Terbit dari kantung blazer sang kapten adalah amplop biru yang familiar. Kondisinya masih sama. Tidak ada satupun sudut yang terlipat, kerutan kusut atau tinta yang memburai. Si love letter tidak berubah sedikitpun sejak Tetsuya pertama kali menulisnya. Seolah sepucuk perasaanya itu benar-benar dijaga dengan baik.
Gumpalan udara yang tertahan dalam tenggorokan dilepas dalam hembusan panjang. Tetsuya menatap nanar pada surat cintanya. Ada suatu perasaan ganjil yang menyeruak dalam hati. Apa yang ia lakukan ini terasa salah. Seperti mencuri meski apa yang diambil adalah miliknya sejak awal.
Tetsuya enggan bertindak seperti ini tapi lebih tidak mau menunggu hingga Akashi mengembalikannya.
Sebenarnya keberadaan surat ini tidak akan memberi pengaruh jika Tetsuya sudah teguh untuk menyatakan perasaannya pada Kagami. Mau disandera atau tidak, tidak akan berdampak ketika mereka sudah bersama. Namun surat ini adalah rantai belenggu. Sebuah simbol. Tetsuya tidak bisa melangkah maju jika masih ada keterlibatan Akashi dalam hidupnya.
Tekadnya sudah ditempa. Rantai itu harus dimusnahkan saat ini juga.
Bibir bawah dikulum resah. Sebagian dari diri Tetsuya merasa berat hati. Ada lubang besar yang menganga di lubuk hatinya. Karena dengan kembalinya si surat, Tetsuya tidak memiliki alasan lagi untuk menjejakan kaki di bangunan ini. Tidak punya urusan lagi untuk bercengkerama dengan para Kiseki.
Tidak perlu lagi menemui Akashi.
Menghela nafas berat, garmen yang pekat oleh aroma majikannya didekap. Membiarkan kuar segar mint bercampur teh dan rempah yang tidak terdefinisi memenuhi inderanya. Mencari sedikit kehangatan untuk tubuhnya yang dingin oleh sentuhan hujan.
"Sampai di sini saja, Akashi-kun..." bisiknya diredam fabrik putih yang nihil noda. Berusaha mematri sedikit memoria kesehariannya dengan si kepala merah. Mungkin Tetsuya akan merindukannya suatu hari nanti. "Andai tidak bertemu seperti ini, aku akan dengan senang hati berteman denganmu."
"Apa yang sedang kau lakukan?!"
Keheningan dan suasana mellow diinterupsi oleh presensi tambahan.

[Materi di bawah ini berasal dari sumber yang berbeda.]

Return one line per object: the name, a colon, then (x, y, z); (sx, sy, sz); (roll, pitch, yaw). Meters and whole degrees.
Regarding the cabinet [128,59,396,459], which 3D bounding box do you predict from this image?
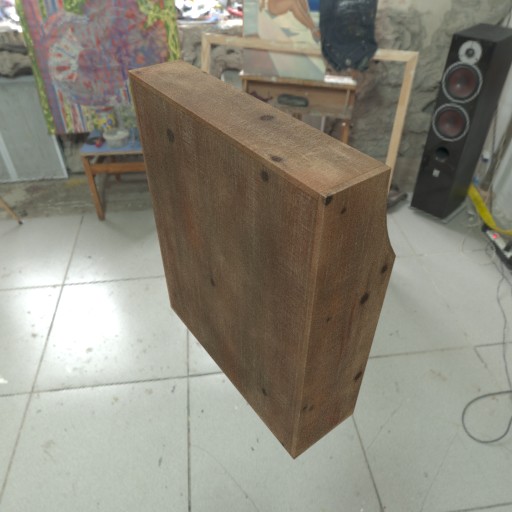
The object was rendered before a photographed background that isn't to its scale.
cabinet: (0.000, 0.000, 0.841); (0.184, 0.590, 0.489); (-26, 47, -27)
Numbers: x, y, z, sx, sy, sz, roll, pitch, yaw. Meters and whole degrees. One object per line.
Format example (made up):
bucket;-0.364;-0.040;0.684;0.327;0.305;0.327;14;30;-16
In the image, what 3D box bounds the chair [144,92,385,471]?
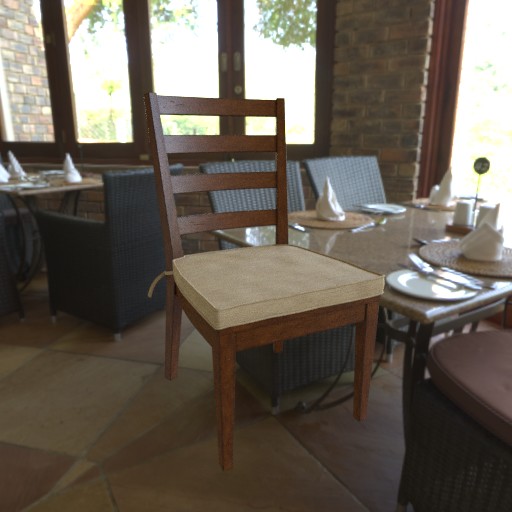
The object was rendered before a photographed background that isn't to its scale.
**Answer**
chair;0.000;0.000;1.379;0.593;0.979;0.595;-8;17;-26
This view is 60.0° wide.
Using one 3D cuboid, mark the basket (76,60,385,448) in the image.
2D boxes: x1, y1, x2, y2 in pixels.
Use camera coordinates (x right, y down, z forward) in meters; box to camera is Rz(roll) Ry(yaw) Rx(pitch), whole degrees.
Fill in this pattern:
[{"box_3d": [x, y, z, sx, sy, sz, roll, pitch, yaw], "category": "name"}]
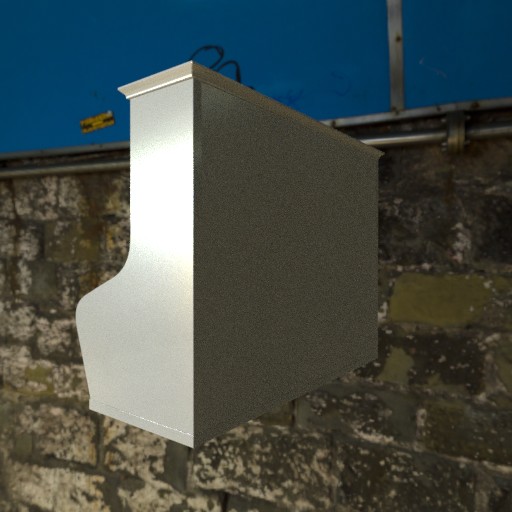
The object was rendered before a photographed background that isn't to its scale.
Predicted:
[{"box_3d": [0.000, 0.000, 1.092, 0.350, 0.600, 0.780, 0, 0, 37], "category": "basket"}]
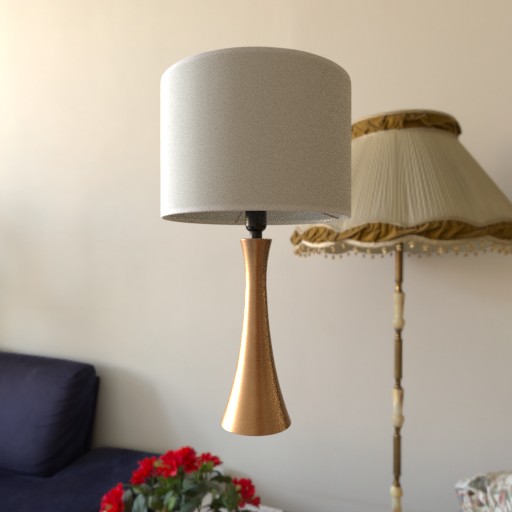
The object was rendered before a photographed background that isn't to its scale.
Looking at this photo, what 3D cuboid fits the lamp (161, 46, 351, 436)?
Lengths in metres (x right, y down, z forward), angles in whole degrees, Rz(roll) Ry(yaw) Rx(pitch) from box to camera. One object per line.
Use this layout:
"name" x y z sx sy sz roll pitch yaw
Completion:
"lamp" 0.000 0.000 0.638 0.268 0.479 0.268 0 0 -16
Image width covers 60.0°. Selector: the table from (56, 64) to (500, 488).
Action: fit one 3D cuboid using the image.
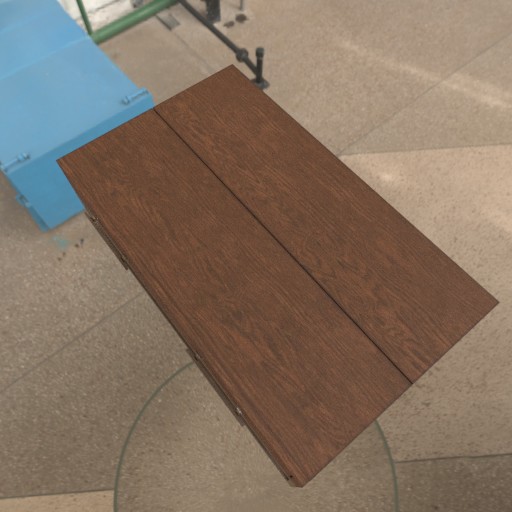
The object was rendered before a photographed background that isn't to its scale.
[{"bbox_3d":[0.000,0.000,1.437,0.719,0.361,1.167,-36,68,-17],"label":"table"}]
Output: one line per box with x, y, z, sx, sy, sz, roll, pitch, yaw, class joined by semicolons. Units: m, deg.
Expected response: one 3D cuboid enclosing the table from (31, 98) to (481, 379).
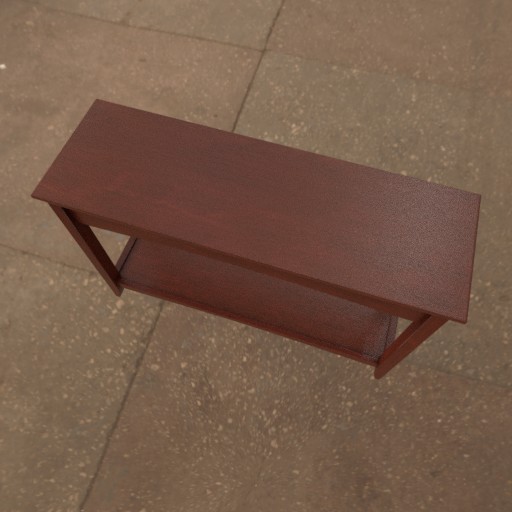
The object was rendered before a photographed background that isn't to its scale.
0.000;0.000;1.553;1.188;0.739;0.392;16;64;8;table
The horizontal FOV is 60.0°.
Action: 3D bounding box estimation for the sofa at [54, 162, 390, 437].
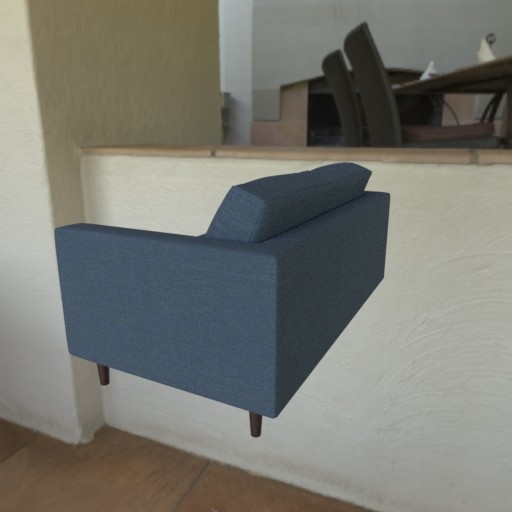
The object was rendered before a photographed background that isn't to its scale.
[{"bbox_3d":[0.000,0.000,2.282,0.999,0.907,1.659,8,17,26],"label":"sofa"}]
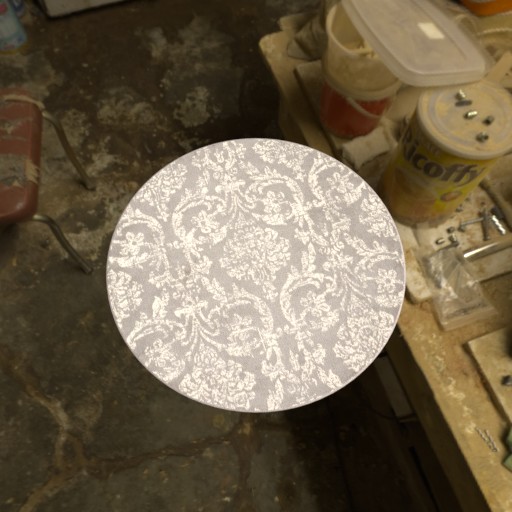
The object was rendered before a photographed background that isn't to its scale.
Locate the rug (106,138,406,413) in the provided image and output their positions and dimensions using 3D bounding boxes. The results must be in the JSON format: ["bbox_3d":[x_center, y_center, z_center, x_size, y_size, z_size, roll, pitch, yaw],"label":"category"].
[{"bbox_3d":[0.000,0.000,2.378,1.593,0.012,1.593,0,65,0],"label":"rug"}]
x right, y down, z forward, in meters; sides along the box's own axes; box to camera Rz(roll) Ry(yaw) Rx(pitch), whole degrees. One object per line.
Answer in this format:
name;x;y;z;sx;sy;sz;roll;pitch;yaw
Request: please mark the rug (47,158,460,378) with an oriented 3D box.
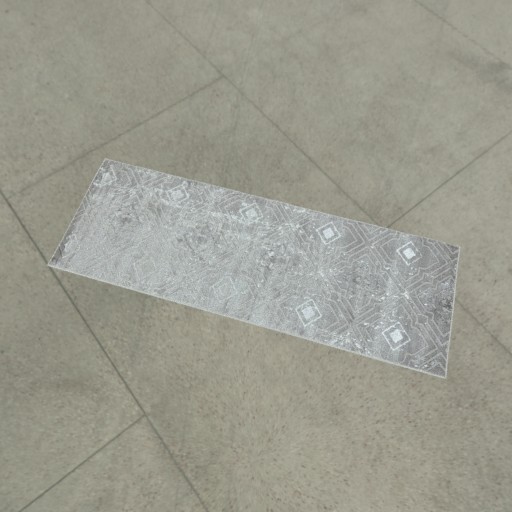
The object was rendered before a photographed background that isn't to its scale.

Tetsuya terhenyak mendapati seseorang tengah menatapnya tajam dari arah pintu.
"Maaf, anda siapa? Tempat ini seharusnya tidak bisa dimasuki oleh sembarang individu." Masih mendekap blazer Akashi, pemuda teal bertanya pelan. Suratnya diamankan terlebih dahulu bersama kotak susu dalam lindungan saku. Iris biru besarnya menyipit pada siswa bersurai hitam yang masih berdiri diam di mulut ruangan.
"Harusnya aku yang bertanya padamu. Kau ini siapa? Kenapa bisa ada di sini?" Si pendatang baru berjalan mendekat. Manik hitamnya menelesuri sosok Tetsuya lekat-lekat. Rautnya yang waspada berubah cerah seolah mengenali. "Aha! Aku tahu siapa kau. Kau Kuroko Tetsuya kan?"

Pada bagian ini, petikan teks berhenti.